The VIC-II's color text was a great feature not found in any other home computer at the time and it's too bad the Ataris didn't have that--it would have been fairly trivial to implement.

The Atari chipset was designed to bridge the gap between a game console and a computer terminal. For games, it would use 160x hardware based on the video generation methods used in the 2600, but with a dedicated DMA engine (Antic). For applications, it would also have a basic 320 mode with minimal features. This was considered sufficient in the late 70s. The real tragedy is that Atari spent millions on various projects that never saw the light of day, but the development of their graphics capabilities ended with GTIA (and the subsequent chasing off of their best engineers). That was the beginning of the end.

I tried the A8 first and struggled with it so the C64 seemed easier to me personally, and for the kind of things i prefer coding the C64 is easier overall. But mileage varies depending on what you want to write, really.

To me the C64 always seemed simpler and more logical, except the SID has always bewildered me and I've never been able to figure out how to make it do anything.

Both machines are cake if you're just writing a text adventure or some application package like a word processor. When you try to write a complex game with music and lots of stuff moving around, that's when things get hairy.

A lot of us have a love/hate relationship with the C64. The Atari's Q/C was miles better (at least pre-XE) and the 400/800 especially are very sturdy machines with elegant, thoughtful expansion and a simple, logical, menu-driven DOS (as opposed to typing OPEN,15,8,15:PRINT#"S:FILE":CLOSE15 to delete a file). Atari put a lot of TLC into the 400/800 and wanted to make them usable by non-neckbeards.

Attirra is a far better emulator than VICE, which I'm not a fan of.

I've used VICE for years and never had any major complaints.

Eh...it's not bad, but C64+1541 emulation is more advanced than other stuff and PAL emulation is better than NTSC emulation.

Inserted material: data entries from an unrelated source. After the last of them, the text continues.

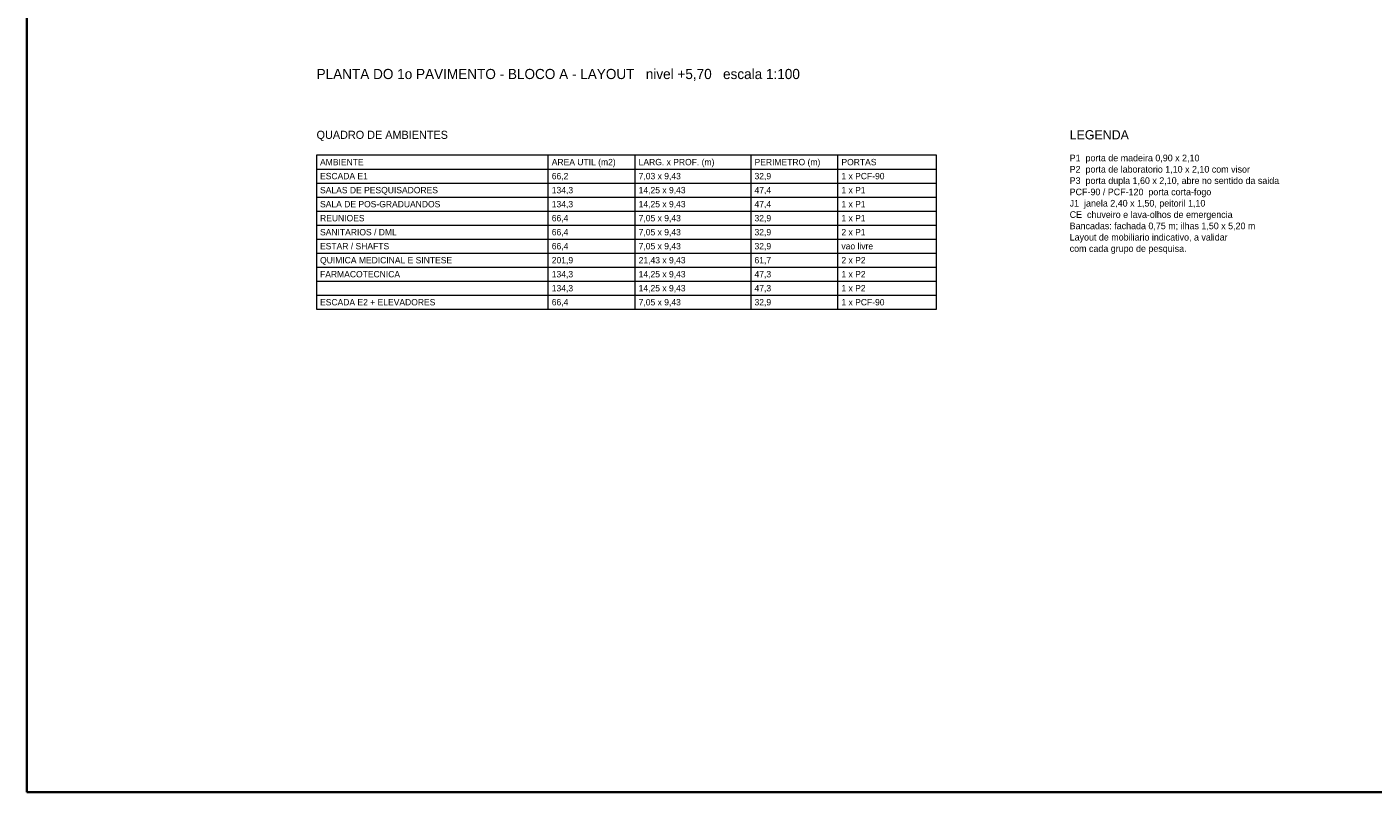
# Model space of a CAD drawing. Header units: metres. Extents: x -10 to 72.1, y -29 to 28.4.
# Tile 1 of 5: x -10 to 36.5, y -29 to -2.6. Entities that reach past the tile are written whole.
import ezdxf
from ezdxf.enums import TextEntityAlignment as Align

# ---------------------------------------------------------------- set-up
doc = ezdxf.new("R2010")
doc.units = ezdxf.units.M
doc.layers.add('COTA', color=8, linetype='Continuous', lineweight=13, true_color=0x6a6a6a)
doc.layers.add('FOLHA', color=7, linetype='Continuous', lineweight=35)
doc.layers.add('NOTA', color=7, linetype='Continuous', lineweight=18)

msp = doc.modelspace()

# ---------------------------------------------------------------- linework, layer by layer
at = {"layer": 'COTA'}
for p, q in [((8, -12.324), (8, -7)), ((11, -12.324), (11, -7)), ((15, -12.324), (15, -7)), ((18, -12.324), (18, -7)), ((0, -7.484), (21.4, -7.484)), ((0, -7.968), (21.4, -7.968)), ((0, -8.452), (21.4, -8.452)), ((0, -8.936), (21.4, -8.936)), ((0, -9.42), (21.4, -9.42)), ((0, -9.904), (21.4, -9.904)), ((0, -10.388), (21.4, -10.388)), ((0, -10.872), (21.4, -10.872)), ((0, -11.356), (21.4, -11.356)), ((0, -11.84), (21.4, -11.84)), ((0, -12.324), (21.4, -12.324))]:
    msp.add_line(p, q, dxfattribs=at)
msp.add_lwpolyline([(0, -12.324), (21.4, -12.324), (21.4, -7), (0, -7)], close=True, dxfattribs=at)
at = {"layer": 'FOLHA'}
msp.add_lwpolyline([(-10, -29), (72.1, -29), (72.1, 28.4), (-10, 28.4)], close=True, dxfattribs=at)

# ---------------------------------------------------------------- texts
at = {"layer": 'NOTA'}
for s, height, p in [('PLANTA DO 1o PAVIMENTO - BLOCO A - LAYOUT   nivel +5,70   escala 1:100', 0.35, (0, -4.2)), ('QUADRO DE AMBIENTES', 0.28, (0, -6.3)), ('LEGENDA', 0.32, (26, -6.3)), ('P1  porta de madeira 0,90 x 2,10', 0.23, (26, -7.1)), ('AMBIENTE', 0.22, (0.12, -7.242)), ('AREA UTIL (m2)', 0.22, (8.12, -7.242)), ('LARG. x PROF. (m)', 0.22, (11.12, -7.242)), ('PERIMETRO (m)', 0.22, (15.12, -7.242)), ('PORTAS', 0.22, (18.12, -7.242)), ('P2  porta de laboratorio 1,10 x 2,10 com visor', 0.23, (26, -7.491)), ('ESCADA E1', 0.22, (0.12, -7.726)), ('66,2', 0.22, (8.12, -7.726)), ('7,03 x 9,43', 0.22, (11.12, -7.726)), ('32,9', 0.22, (15.12, -7.726)), ('1 x PCF-90', 0.22, (18.12, -7.726)), ('P3  porta dupla 1,60 x 2,10, abre no sentido da saida', 0.23, (26, -7.882)), ('SALAS DE PESQUISADORES', 0.22, (0.12, -8.21)), ('134,3', 0.22, (8.12, -8.21)), ('14,25 x 9,43', 0.22, (11.12, -8.21)), ('47,4', 0.22, (15.12, -8.21)), ('1 x P1', 0.22, (18.12, -8.21)), ('PCF-90 / PCF-120  porta corta-fogo', 0.23, (26, -8.273)), ('SALA DE POS-GRADUANDOS', 0.22, (0.12, -8.694)), ('134,3', 0.22, (8.12, -8.694)), ('14,25 x 9,43', 0.22, (11.12, -8.694)), ('47,4', 0.22, (15.12, -8.694)), ('1 x P1', 0.22, (18.12, -8.694)), ('J1  janela 2,40 x 1,50, peitoril 1,10', 0.23, (26, -8.664)), ('REUNIOES', 0.22, (0.12, -9.178)), ('66,4', 0.22, (8.12, -9.178)), ('7,05 x 9,43', 0.22, (11.12, -9.178)), ('32,9', 0.22, (15.12, -9.178)), ('1 x P1', 0.22, (18.12, -9.178)), ('CE  chuveiro e lava-olhos de emergencia', 0.23, (26, -9.055)), ('SANITARIOS / DML', 0.22, (0.12, -9.662)), ('66,4', 0.22, (8.12, -9.662)), ('7,05 x 9,43', 0.22, (11.12, -9.662)), ('32,9', 0.22, (15.12, -9.662)), ('2 x P1', 0.22, (18.12, -9.662)), ('Bancadas: fachada 0,75 m; ilhas 1,50 x 5,20 m', 0.23, (26, -9.446)), ('Layout de mobiliario indicativo, a validar', 0.23, (26, -9.837)), ('ESTAR / SHAFTS', 0.22, (0.12, -10.146)), ('66,4', 0.22, (8.12, -10.146)), ('7,05 x 9,43', 0.22, (11.12, -10.146)), ('32,9', 0.22, (15.12, -10.146)), ('vao livre', 0.22, (18.12, -10.146)), ('com cada grupo de pesquisa.', 0.23, (26, -10.228)), ('QUIMICA MEDICINAL E SINTESE', 0.22, (0.12, -10.63)), ('201,9', 0.22, (8.12, -10.63)), ('21,43 x 9,43', 0.22, (11.12, -10.63)), ('61,7', 0.22, (15.12, -10.63)), ('2 x P2', 0.22, (18.12, -10.63)), ('FARMACOTECNICA', 0.22, (0.12, -11.114)), ('134,3', 0.22, (8.12, -11.114)), ('14,25 x 9,43', 0.22, (11.12, -11.114)), ('47,3', 0.22, (15.12, -11.114)), ('1 x P2', 0.22, (18.12, -11.114)), ('134,3', 0.22, (8.12, -11.598)), ('14,25 x 9,43', 0.22, (11.12, -11.598)), ('47,3', 0.22, (15.12, -11.598)), ('1 x P2', 0.22, (18.12, -11.598)), ('ESCADA E2 + ELEVADORES', 0.22, (0.12, -12.082)), ('66,4', 0.22, (8.12, -12.082)), ('7,05 x 9,43', 0.22, (11.12, -12.082)), ('32,9', 0.22, (15.12, -12.082)), ('1 x PCF-90', 0.22, (18.12, -12.082))]:
    msp.add_text(s, height=height, dxfattribs=at).set_placement(p, align=Align.MIDDLE_LEFT)

doc.saveas('drawing.dxf')

By the way, Bil Herd has outright denied that he or any other engineers at Commodore deliberately set out to make shoddy products (what engineer would?) He said all such considerations were due to management wanting to make things as cheap as they could.

t was a cheap computer, it was bowlfuls of fun. Its sound was not for everyone. It was unreliable for all but a few people I've met. I repaired a lot of them. The power supply was evil and killed more than just stuff on the board in the breadbox... It had heat problems, the chips are delicate and easy to kill. I don't think you will find an intellectually honest person who won't admit to most of what has been stated.

My cousin said he never had a C64 outright die on him, but his Atari 800XL crapped out soon after he got it due to the Micron RAM chips going south. He got a replacement PCB which lasted a few years before experiencing another RAM failure.

Funny, my dad worked at an electronics repair center and he said busted C64s were a routine occurrence--blown ICs, blown PSUs. He said he could count on his fingers the number of times they had to fix an Apple II or an Atari. Atari had several PSUs and word quickly got around that the ingot was bad news and to avoid it.

Bil Herd said he suggested they attach some diodes to test equipment because it was shorting out machines on the assembly line. Supposedly removing a speed bump outside the factory that trucks taking out a shipment drove over helped improve reliability of C64s as well. He said they also developed a beryllium lead frame to remove trapped heat from chip dies and reduce the chance of them overheating and self-destructing.

Somewhere in my basement lie buried my childhood Atari 800XL and 65XE that haven't been used in at least 20 years. AFAIR the 65XE is fucked (goes straight to Self Test on power on for whatever reason). One of these days I'm gonna get a CRT TV and have a nostalgia trip.